The veins treated were the saphenous and cephalic veins in the hind limbs, resp front limbs of the goats. The animals were anesthetized during the procedure to reduce stress and discomfort and to facilitate their handling. A total of 3 animals were used, resulting in 12 vessels treated.
A maximum 15 ml of alcohol was infused into each of the veins, using pressures of up to 8 atmosphere and durations up to 3 minutes. The limbs were bandaged under compression after retrieval of the balloons, to limit thrombus accumulation in the treated vessels. After 14 days the animals were sacrificed and the veins harvested.
Histological examination revealed that out of 12 treated veins, 11 were fully occluded at the time of harvest, demonstrating the efficacy of the present invention.
Various parameters of the procedure described herein can easily be adjusted and are well within the scope of those with ordinary skills in the art.
As described herein, embodiments of the present invention can, among other things, facilitate treatment of varicose veins. For instance, one embodiment of the present invention includes a method for tumescent anesthesia-free treatment of a body lumen having a lumen wall. The method can involve positioning an inflatable balloon assembly at a location in the body lumen to be treated, the inflatable balloon assembly having a porous balloon chamber and one or more pores in an outer wall. The method also can involve inflating the porous balloon assembly into an inflated configuration in a manner that the outer wall of the inflatable balloon assembly abuts the lumen wall.
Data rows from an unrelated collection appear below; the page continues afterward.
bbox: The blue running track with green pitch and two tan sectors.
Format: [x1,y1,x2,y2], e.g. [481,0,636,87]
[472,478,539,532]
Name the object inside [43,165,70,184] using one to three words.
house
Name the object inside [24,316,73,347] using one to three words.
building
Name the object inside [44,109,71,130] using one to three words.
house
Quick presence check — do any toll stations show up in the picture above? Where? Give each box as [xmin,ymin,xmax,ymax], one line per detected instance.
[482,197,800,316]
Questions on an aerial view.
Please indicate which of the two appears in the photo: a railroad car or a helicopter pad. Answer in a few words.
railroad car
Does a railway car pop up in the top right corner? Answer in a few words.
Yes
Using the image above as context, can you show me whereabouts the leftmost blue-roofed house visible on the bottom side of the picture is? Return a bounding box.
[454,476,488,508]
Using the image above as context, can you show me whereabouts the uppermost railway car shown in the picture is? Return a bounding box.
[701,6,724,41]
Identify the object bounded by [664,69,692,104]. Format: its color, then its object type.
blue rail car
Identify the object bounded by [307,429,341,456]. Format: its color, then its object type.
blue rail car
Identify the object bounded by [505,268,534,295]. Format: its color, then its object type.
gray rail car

Furthermore, the method can involve forcing a sclerotherapeutic agent to exit the one or more pores of the inflatable balloon assembly and to contact the lumen wall. In addition, the method can involve retaining the sclerotherapeutic agent between the lumen wall and the outer wall of the inflatable balloon assembly when the inflatable balloon assembly is in the inflated configuration.
Another embodiment can include a method for tumescent anesthesia-free treatment of a body lumen having a lumen wall. Such method can involve positioning an inflatable balloon assembly at a location in the body lumen to be treated, the inflatable balloon assembly having multiple porous balloon chambers folded around a guidewire. Moreover, the method can include unfolding and expanding the multiple porous balloon chambers of the inflatable balloon assembly into an unfolded configuration in a manner that outer walls of the multiple porous balloon chambers abut the lumen wall. Still further, the method can include forcing a sclerotherapeutic agent through one or more pores of the multiple porous balloon chambers to contact the lumen wall. The method also can include retaining the sclerotherapeutic agent between the lumen wall and the outer walls of the multiple porous balloon chambers when the multiple porous balloon chambers are in the unfolded configuration.
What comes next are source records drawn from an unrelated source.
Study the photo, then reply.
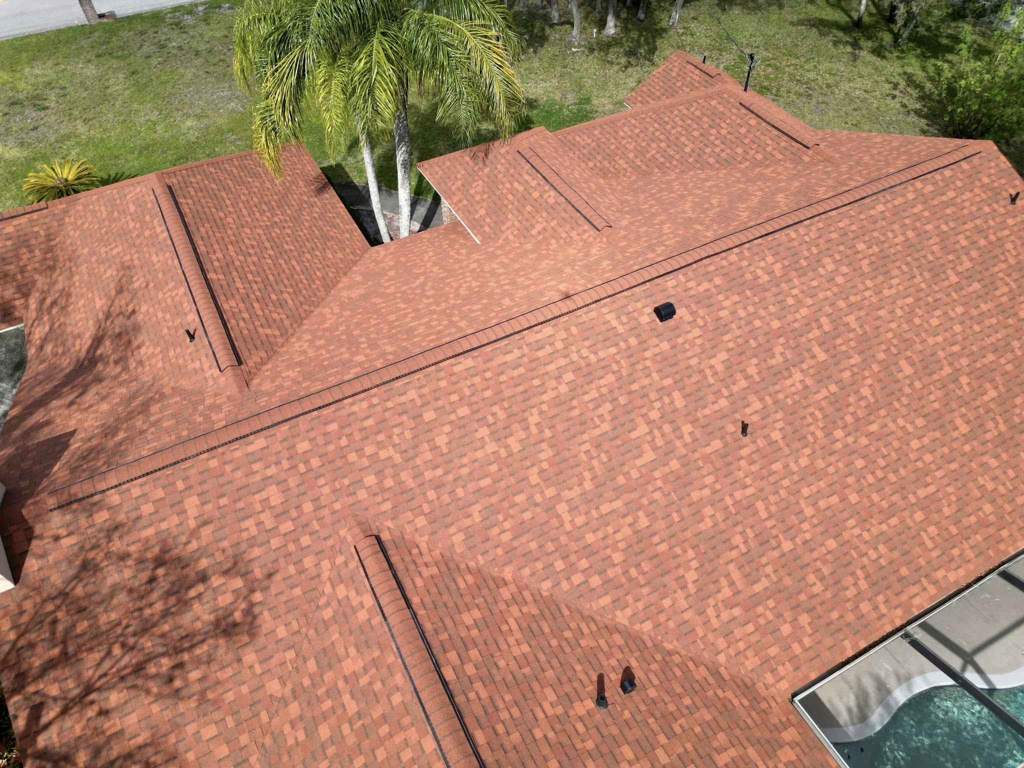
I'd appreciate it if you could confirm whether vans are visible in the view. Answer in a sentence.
No, this view has no van in it.
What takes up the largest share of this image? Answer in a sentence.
The scene is dominated by buildings.
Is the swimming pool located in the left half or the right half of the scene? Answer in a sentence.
The swimming pool is on the right side of the image.
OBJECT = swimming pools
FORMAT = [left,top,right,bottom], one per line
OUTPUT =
[822,664,1024,768]

Another embodiment may include a device for administering a beneficial agent into a body lumen. As noted above, such beneficial agent may be a sclerotherapeutic agent. The device can include a balloon assembly having a compliant balloon chamber with a chamber wall and at least one pore in the chamber wall, the at least one pore being located at a reinforcement in the chamber wall.
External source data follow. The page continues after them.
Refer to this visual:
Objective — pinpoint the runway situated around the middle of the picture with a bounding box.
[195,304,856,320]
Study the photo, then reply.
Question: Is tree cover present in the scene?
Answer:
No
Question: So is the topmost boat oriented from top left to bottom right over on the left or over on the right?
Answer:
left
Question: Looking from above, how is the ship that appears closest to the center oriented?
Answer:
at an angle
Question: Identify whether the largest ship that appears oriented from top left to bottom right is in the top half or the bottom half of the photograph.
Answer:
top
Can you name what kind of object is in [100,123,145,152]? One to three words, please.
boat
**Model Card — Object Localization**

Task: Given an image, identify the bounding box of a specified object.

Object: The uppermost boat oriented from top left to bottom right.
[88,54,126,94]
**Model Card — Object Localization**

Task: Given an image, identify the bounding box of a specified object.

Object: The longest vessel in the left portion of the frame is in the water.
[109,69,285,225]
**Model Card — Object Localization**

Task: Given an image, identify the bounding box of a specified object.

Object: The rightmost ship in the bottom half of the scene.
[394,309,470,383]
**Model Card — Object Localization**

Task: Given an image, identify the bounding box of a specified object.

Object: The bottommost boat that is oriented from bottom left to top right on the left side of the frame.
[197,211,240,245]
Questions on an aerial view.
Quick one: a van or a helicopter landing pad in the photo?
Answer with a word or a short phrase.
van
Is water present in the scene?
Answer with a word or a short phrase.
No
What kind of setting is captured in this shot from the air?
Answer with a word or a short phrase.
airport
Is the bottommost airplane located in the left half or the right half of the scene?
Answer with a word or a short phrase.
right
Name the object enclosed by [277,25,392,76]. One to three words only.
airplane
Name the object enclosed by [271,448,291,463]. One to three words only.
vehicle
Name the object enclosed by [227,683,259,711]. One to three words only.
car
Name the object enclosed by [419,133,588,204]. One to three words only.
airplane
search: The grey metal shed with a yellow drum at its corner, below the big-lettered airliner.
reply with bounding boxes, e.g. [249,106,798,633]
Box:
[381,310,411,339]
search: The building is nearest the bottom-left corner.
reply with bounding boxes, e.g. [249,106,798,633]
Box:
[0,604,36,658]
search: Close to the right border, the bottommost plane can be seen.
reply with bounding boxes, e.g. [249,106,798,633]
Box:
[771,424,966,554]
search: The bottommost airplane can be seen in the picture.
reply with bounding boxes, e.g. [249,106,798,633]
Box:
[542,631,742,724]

It should be understood that the embodiments in this disclosure represent only a small fraction of the available options to practice the invention. In other words, the described embodiments are to be considered in all respects only as illustrative and not restrictive. Because of the broad applicability of the invention in the field sclerotherapy of body lumens, those with ordinary skills in the art will be able to design many additional embodiments, which will be within the scope of the invention. Accordingly, the present invention may be embodied in other specific forms without departing from its spirit or essential characteristics. The scope of the invention is, therefore, indicated by the appended claims rather than by the foregoing description. All changes that come within the meaning and range of equivalency of the claims are to be embraced within their scope.